In the initial assessment, the radiation seemed easiest. For 45 consecutive weekdays, I would report to the Bellaire outpatient clinic and have my head bolted down to a table while a computer directed individually modulated beams of radiation aimed (in intersecting patterns) at the tumor. It all seemed very precise at the time. It was as close to “safe” as I was going to find. There had been a brief advisement and documents signed to assure that I had enough information to make the best decision. What I was hearing and understanding was that without the therapy, I would likely experience a recurrent or secondary cancer. I did what most people would do. I signed the papers acknowledging the possibility of injury and releasing any liability. As I lay on that table, I watched as a device called a “linear accelerator” moved in odd and phrenetic arcs around my neck. As a musician, I would escape into the curious song of the thing. The varieties of pitch and timbre often taking me far away from the there and then. What I didn’t know was that the radiation which was saving my life was taking a toll on my spine. After the treatments ended, I went back to school. Even though my shoulders had been impinged by the surgery, I was able to resume playing all of my instruments. For a while, I thought I would survive the ordeal of cancer. I thought that I might escape the horrible specter. At that moment, I thought it had only “winged” me.  One day in 2008, I noticed some difficulty in standing. Not long after, I dropped an expensive camcorder.  It accelerated from there. Soon, I was unable to grab a chord, roll out arpeggios on the piano, or bow my violin correctly. More radical and painful changes would follow. Later that year, I was diagnosed with a progressive myelopathy in the cerebral spine. Today, I am classified as a high functioning tetraplegic (quadriplegic). I have only partial and highly inaccurate use of my right hand. I am totally dependent on caregivers to assist in every facet of daily care. I use a large power chair to get to various medical appointments and the classes I teach at the community college.

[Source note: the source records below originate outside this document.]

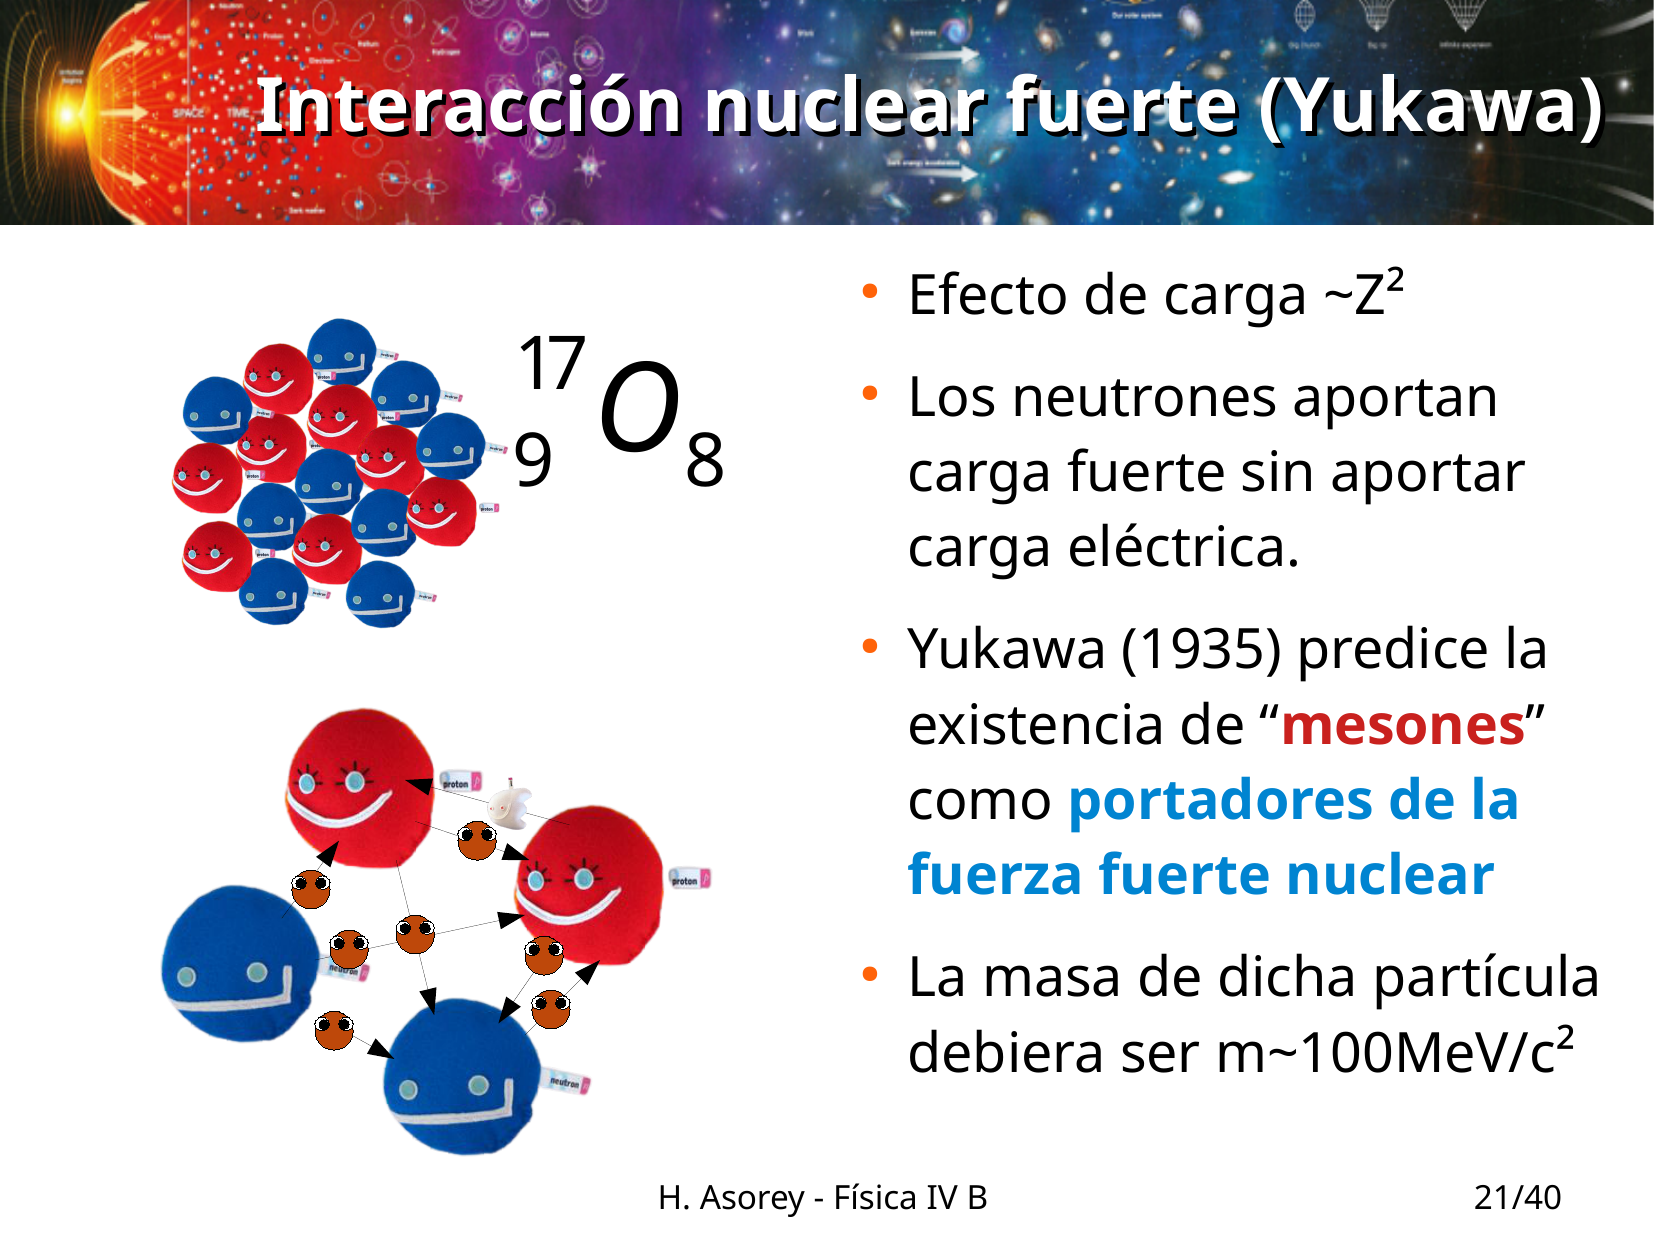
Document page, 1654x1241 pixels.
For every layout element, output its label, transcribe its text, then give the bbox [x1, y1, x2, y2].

text_box [524, 936, 564, 976]
text_box [314, 1011, 354, 1051]
list Efecto de carga ~Z² Los neutrones aportan carga fuerte sin aportar carga eléctrica. Yukawa (1935) predice la existencia de “mesones” como portadores de la fuerza fuerte nuclear La masa de dicha partícula debiera ser m~100MeV/c² [844, 255, 1606, 1156]
title Interacción nuclear fuerte (Yukawa) [45, 15, 1606, 191]
text_box [291, 870, 331, 909]
text_box [396, 915, 435, 954]
chart [494, 317, 736, 506]
picture [0, 0, 1654, 225]
text_box [457, 821, 497, 861]
text_box [329, 930, 369, 969]
text_box [531, 990, 571, 1029]
picture [170, 317, 504, 634]
picture [155, 704, 721, 1171]
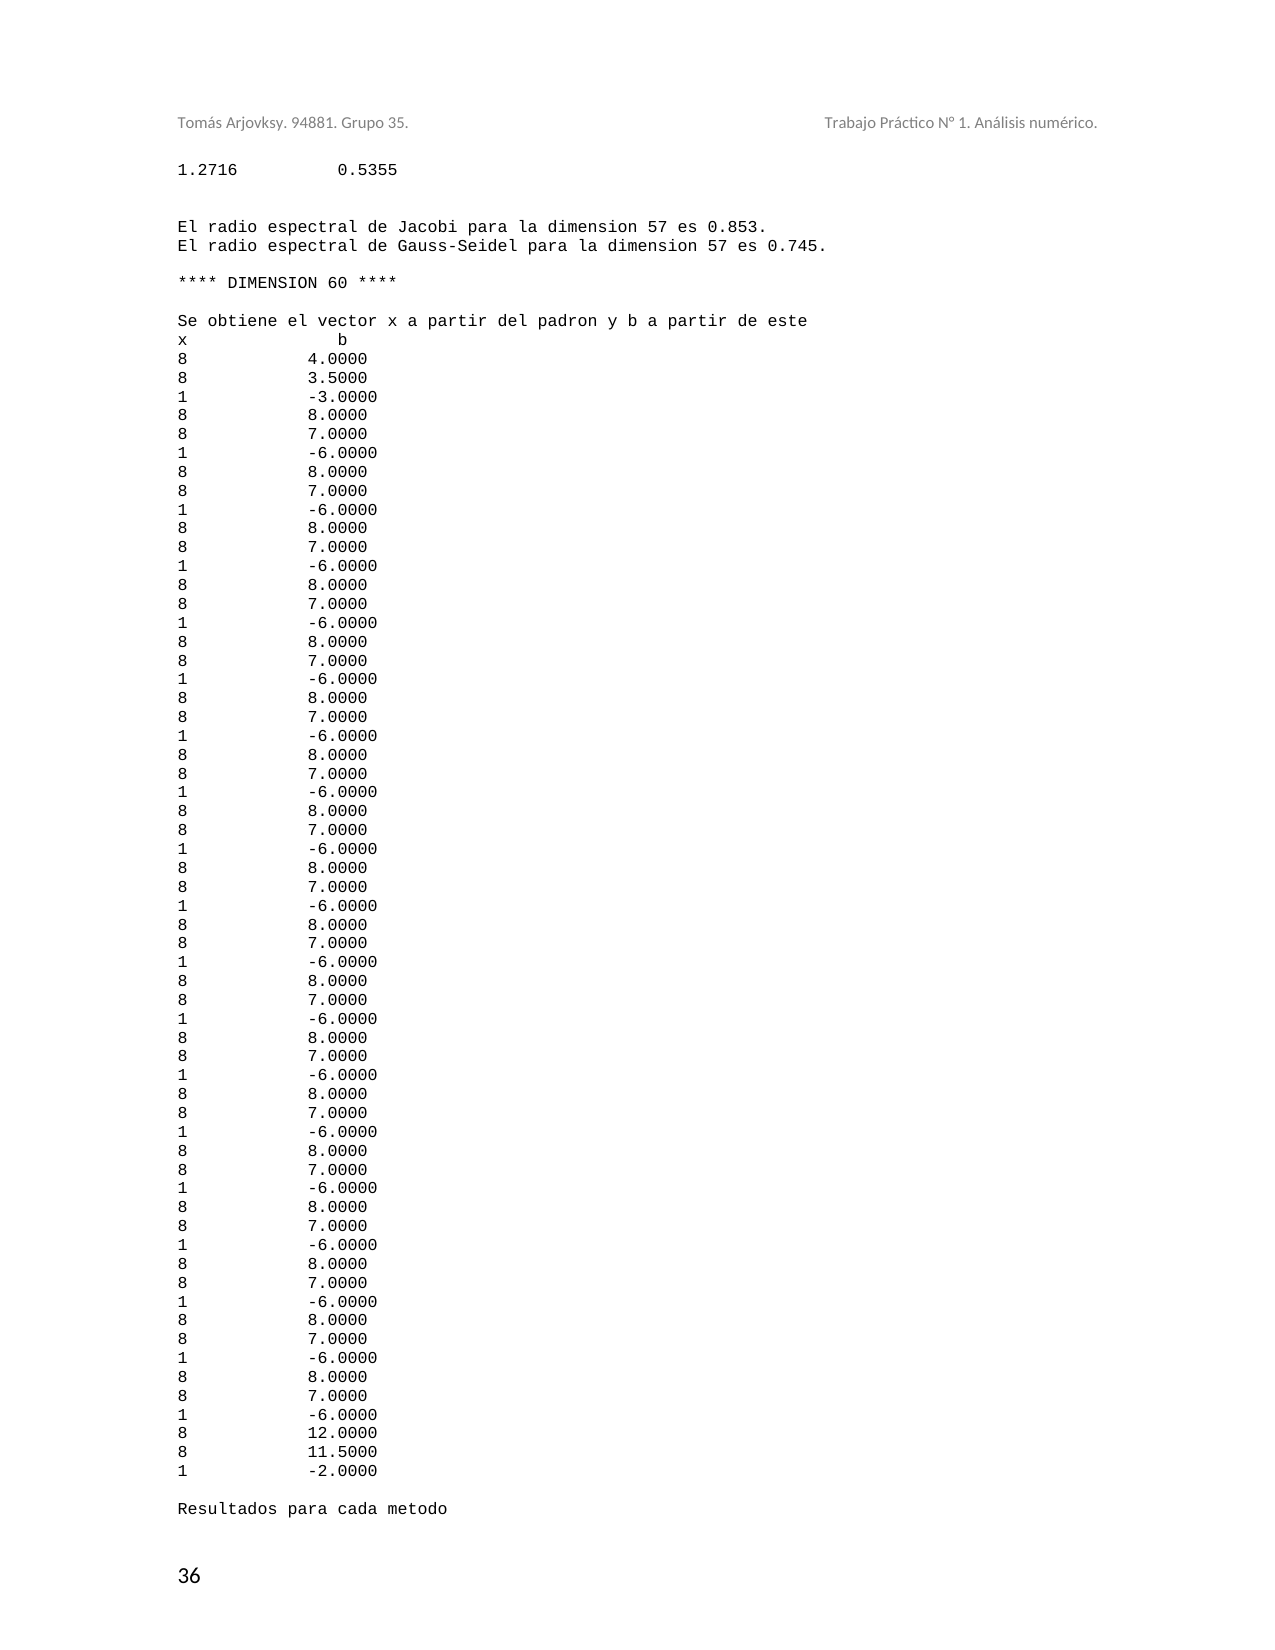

Change comes to us all. No longer the huckleberry guitar-wielding vagabond I had dreamed so many years ago, my life continues. Nowadays, life is centered on a small ribbon-shaped area of necrotic tissue in my spine. I call it the “monster.” While I experience good days and bad, it never relents. It’s like being a little kid and having someone get a strong grip on the back of my neck. A militant non-smoker, I applaud any and all efforts that bring attention to the dangers of habitual tobacco use. My biggest regret about it is not that I tried it, but that, in the angst and confusion of a very troubled childhood, it attained such a strong grip on my spirit song. Each day, I try to make music and art. Some days, I can control my right hand well enough to issue an intelligible chord or scale. I’m told that the injury will progress in uneven stages. the implication being that it will eventually take my breath. My purpose in writing this isn’t to solicit sympathy but to urge you to be very careful about what you put in your body and to implore you to be mindful of your children. Do not let your story be eclipsed by something you might later find, could have been avoided. As for my story, I remain. In my waking life, I’m stuck in a power chair, unable to stand, but in my dreams, I fly.